César Labastida
Esqueda
Roy Lichteinstein. Paz a través de la química. s/f |
La conferencista, a
quien le disgustaba que le dijeran
doctora, arrojó sus primeros argumentos en el evento académico sobre proyectos
de divulgación y enseñanza de las ciencias que habían organizado los
estudiantes más adelantados de la maestría en educación.
El público asistente
estaba conformado, en su mayoría, por docentes de preescolar, primaria y
secundaria, así que cuando escucharon la ponencia preparada por la doctora que
detestaba ese mote, sus rostros delataron la misma ignorancia que critican
habitualmente en los alumnos.
Las conjeturas con
que la exponente inició el discurso no parecían las hipótesis de un trabajo de
investigación ni un reporte provisional de avances.

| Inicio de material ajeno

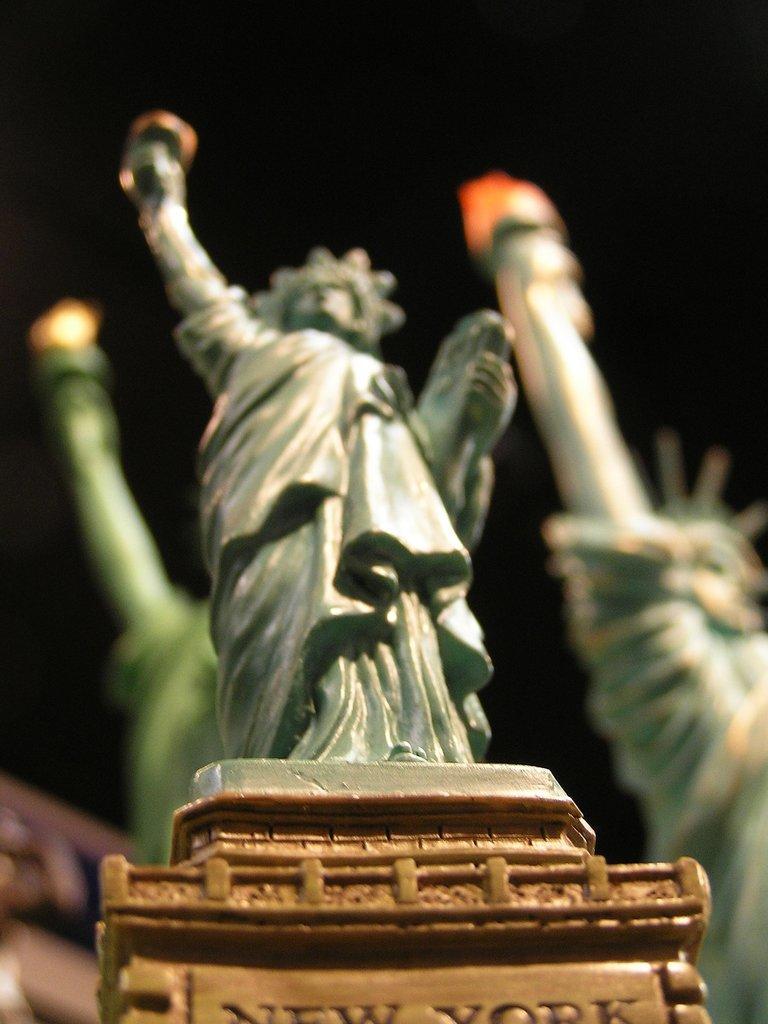Describe this image in one or two sentences. In front of the image there is a statue on the pedestal. Behind that statue there are two more statues and there is a blur background.

Eran frases más cercanas a
una oración en latín o a proposiciones categóricas alrededor de los misterios
de la ciencia y la sociedad.
Apoyada por una
presentación en power point, la
información de la conferencia se complejizaba con la involuntaria intermitencia
del micrófono. En la pantalla, iluminada por el proyector, desfilaban las
imágenes de las portadas de libros con títulos en inglés y autores
desconocidos.
En el clímax de la
disertación, una de las asistentes, que demostraba desde el atuendo su filiación
al grupo de preescolar, espetó en voz alta:
-¡Uy, no venía
preparada para una conferencia en otro idioma!
Por desgracia, la
doctora que evadía el alto término académico, no escuchó la queja y continuó
con la homilía; ahora haciendo gala de practicidad. La parte teórica había
quedado atrás, y presumiendo una transcripción que le había hecho a un grupo de
cuarto de primaria durante dos horas de clase, demostró la abundancia de los
datos duros que en 62 páginas de un archivo de word pueden quedar fosilizados, y abrumó a la audiencia, en forma
despiadada, con las interpretaciones de ese códice digital.
Visiblemente
espantada, la educadora de preescolar despidió de nuevo un comentario:
-Si eso es hacer
ciencia, yo paso.
El desenlace de la
exposición se antojaba cercano, pero aún le faltaba a la conferencista describir
todos los procedimientos que validaron las categorías y herramientas que fueron
utilizadas para evaluar aquellos instrumentos asépticos, que dieron como
resultado la explicación científica del proceso de enseñanza-aprendizaje que
ocurrió aquel día, durante dos horas en un salón de cuarto de primaria,
mientras realizaban con su maestra actividades didácticas sobre las partes de
la flor.
Después de esa
disquisición el público quedó un tanto perplejo, sin aliento. Era indudable que
una empresa tan compleja sólo la podía llevar a cabo un científico, un doctor
en cualquier especialidad de alguna ciencia.
La doctora que rehuía
ser llamada doctora se enfiló a las conclusiones y sin ningún recato,
socráticamente, finalizó con una pregunta:
-¿Se dan cuenta
ahora, queridos profesores, de la necesidad imperiosa de divulgar y enseñar
ciencia?
El mutismo
generalizado del auditorio confirmó, irrefutable, dicha necesidad.